Let M be a compact Riemannian 4-manifold. The Hodge star operator is an involution which gives rise to the notions of self-dual and anti-selfdual 2-forms. A connection in a vector bundle over M is called (anti-)self-dual if its curvature is (anti-)self-dual. It is well known that (anti-)self-dual connections minimise the Yang-Mills (YM) functional. Bourguignon and Lawson discovered the following isolation phenomenon. Let \(\nabla\) be a connection in a vector bundle over the 4-sphere and denote by \(F^+\) the self-dual part of its curvature. If the inequality \(|F^+|^2<3\) is satisfied pointwise then \(F^+=0\). Of course, the same is true for \(F^-\). The author generalizes the results of Bourguignon and Lawson from the 4-sphere to arbitrary Wolf-spaces. Recall that a Wolf-space is a compact quaternionic Kähler symmetric space of positive scalar curvature. These spaces are precisely the known compact quaternionic Kähler manifolds of positive scalar curvature.
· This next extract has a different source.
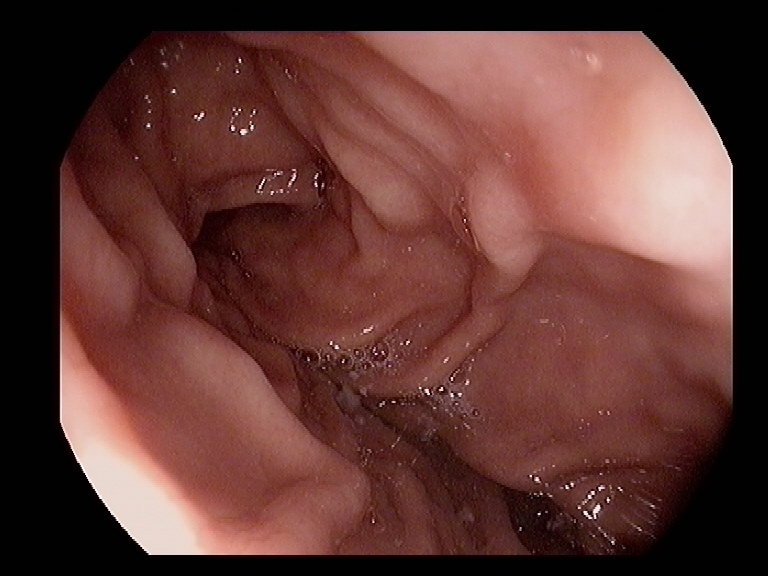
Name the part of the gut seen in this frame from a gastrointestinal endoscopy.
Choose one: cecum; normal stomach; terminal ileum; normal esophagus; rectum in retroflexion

normal stomach
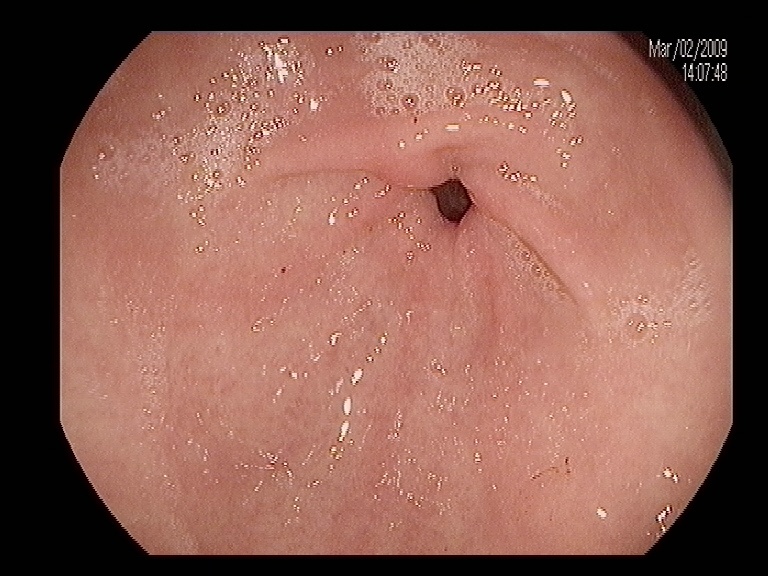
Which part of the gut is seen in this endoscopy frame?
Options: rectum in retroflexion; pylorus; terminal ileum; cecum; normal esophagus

These are Riemannian manifolds of dimension \(4n\) with holonomy group in \(\text{Sp}(1)\text{Sp}(n)\), and have arbitrary dimension divisible by 4. Nevertheless, the notion of (anti-)self-dual 2-form can be generalised to such manifolds, see the papers of Nitta, Mamone Capria and Salamon cited in the paper under review. In fact, one can define three (not only two) types of generalized self-dual 2-forms corresponding to the three irreducible \(\text{Sp}(1)\text{Sp}(n)\)-submodules in the vector space of 2-forms. Forms belonging to one of the submodules which correspond to the Lie algebras of \(\text{Sp}(1)\) and \(\text{Sp}(n)\) are usually called (anti-)self-dual 2-forms. With this definition, (anti-)self-dual connections again minimise the YM functional on compact quaternionic Kähler manifolds.